Quando conseguiu se estabelecer como um escritor de


considerável sucesso por seus livros de viagem e suas publicações
na Punch, levou sua família para morar na Inglaterra. Por conta da
condição de sua esposa, William Makepeace Thackeray criou suas
filhas com a ajuda de sua mãe.
Seu trabalho mais notório veio com a publicação de Vanity Fair, um
romance do período Napoleônico na Inglaterra. A partir de então,
Thackeray chegou a ser comparado a Charles Dickens, outro
renomado autor da época, por conta de obras como Pendennis, um
romance com alguns elementos autobiográficos.

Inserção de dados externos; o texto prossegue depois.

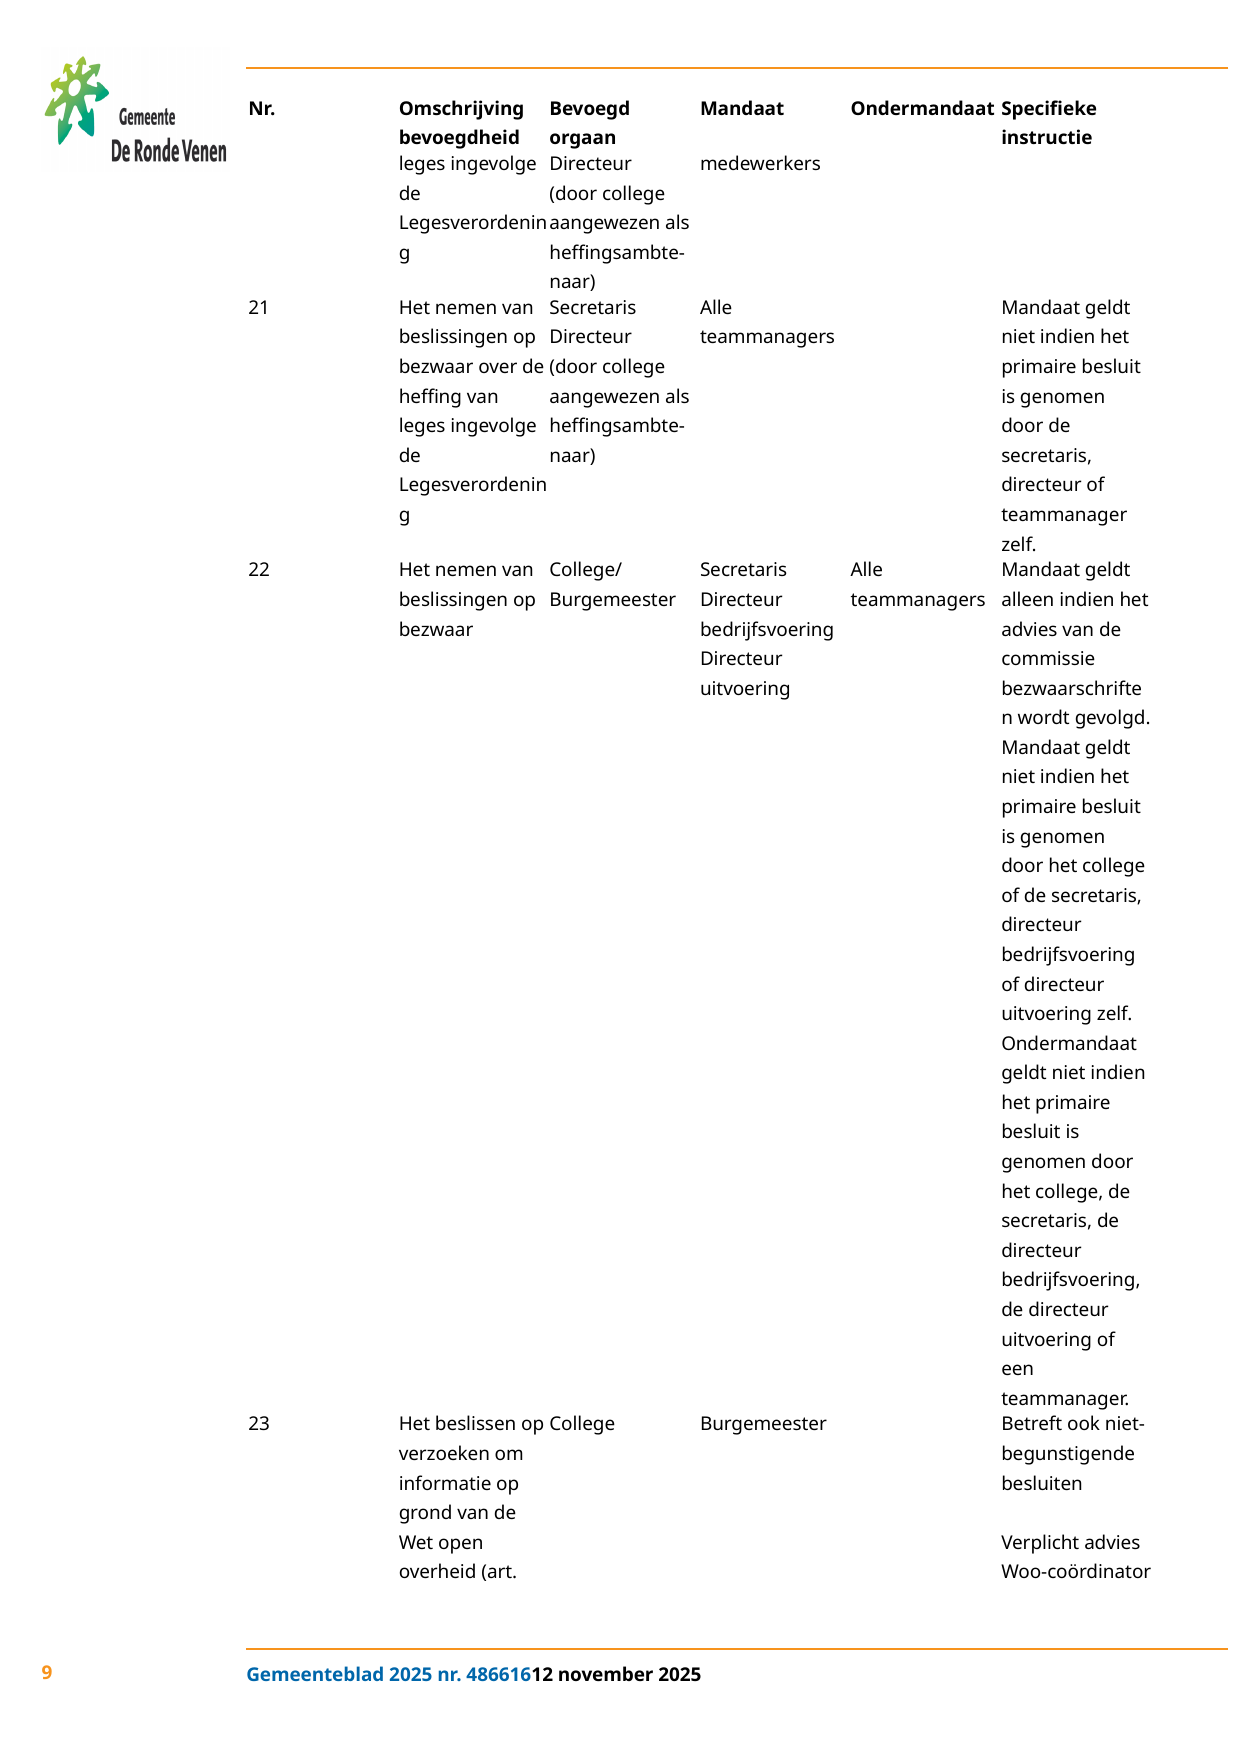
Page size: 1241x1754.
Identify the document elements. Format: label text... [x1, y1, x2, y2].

table_cell College [549, 1411, 700, 1584]
picture [41, 47, 231, 172]
table_cell medewerkers [700, 150, 850, 294]
table_cell 22 [248, 557, 398, 1411]
table_cell College/Burgemeester [549, 557, 700, 1411]
table_cell [1001, 150, 1152, 294]
table_cell [850, 150, 1001, 294]
table_cell Mandaat geldt alleen indien het advies van de commissie bezwaarschriften wordt gevolgd. Mandaat geldt niet indien het primaire besluit is genomen door het college of de secretaris, directeur bedrijfsvoering of directeur uitvoering zelf. Ondermandaat geldt niet indien het primaire besluit is genomen door het college, de secretaris, de directeur bedrijfsvoering, de directeur uitvoering of een teammanager. [1001, 557, 1152, 1411]
table_cell Het beslissen op verzoeken om informatie op grond van de Wet open overheid (art. [399, 1411, 549, 1584]
table_cell 23 [248, 1411, 398, 1584]
table_header Omschrijving bevoegdheid [399, 95, 549, 150]
table_cell Directeur (door college aangewezen als heffingsambte-naar) [549, 150, 700, 294]
table_header Nr. [248, 95, 398, 150]
table_header Specifieke instructie [1001, 95, 1152, 150]
table_cell leges ingevolge de Legesverordening [399, 150, 549, 294]
table_cell Het nemen van beslissingen op bezwaar [399, 557, 549, 1411]
table_cell Alle teammanagers [850, 557, 1001, 1411]
table_cell [850, 294, 1001, 557]
table_cell Mandaat geldt niet indien het primaire besluit is genomen door de secretaris, directeur of teammanager zelf. [1001, 294, 1152, 557]
table_header Mandaat [700, 95, 850, 150]
table_cell Burgemeester [700, 1411, 850, 1584]
table_header Bevoegd orgaan [549, 95, 700, 150]
table_cell [248, 150, 398, 294]
table_cell Het nemen van beslissingen op bezwaar over de heffing van leges ingevolge de Legesverordening [399, 294, 549, 557]
table_cell Secretaris Directeur (door college aangewezen als heffingsambte-naar) [549, 294, 700, 557]
table_cell Secretaris Directeur bedrijfsvoering Directeur uitvoering [700, 557, 850, 1411]
table_cell Betreft ook niet-begunstigende besluiten Verplicht advies Woo-coördinator [1001, 1411, 1152, 1584]
table_cell [850, 1411, 1001, 1584]
table_header Ondermandaat [850, 95, 1001, 150]
table_cell Alle teammanagers [700, 294, 850, 557]
table_cell 21 [248, 294, 398, 557]

Durante o Natal de 1855, Thackeray publicou The Rose and the
Ring (A Rosa e o Anel), um conto de fadas com fortes críticas à
monarquia e àqueles no topo da hierarquia social da época.
Entretanto, embora Thackeray tenha escrito críticas sociais como as
de The Rose and the Ring, sua vida pessoal e mentalidade não eram
exemplares nem naquela época, nem agora. Thackeray, conforme
alguns especialistas, recusou-se a ser simpático à causa
abolicionista, mesmo tendo passado um tempo considerável nos
Estados Unidos, pensando mais na economia (burguesa) do que no
bem-estar humano. Sua visão do país da época é representada em
obras como The Virginians. Assim como Lovecraft e outros autores
que hoje em dia são criticados por suas palavras, Thackeray foi
admirado como escritor, mas não como pessoa.
William Makepeace Thackeray morreu na véspera do Natal de 1863
por conta da ruptura de um vaso sanguíneo no cérebro. The Rose
and the Ring é um resgate literário raro, trazido com exclusividade
pela Sociedade das Relíquias Literárias.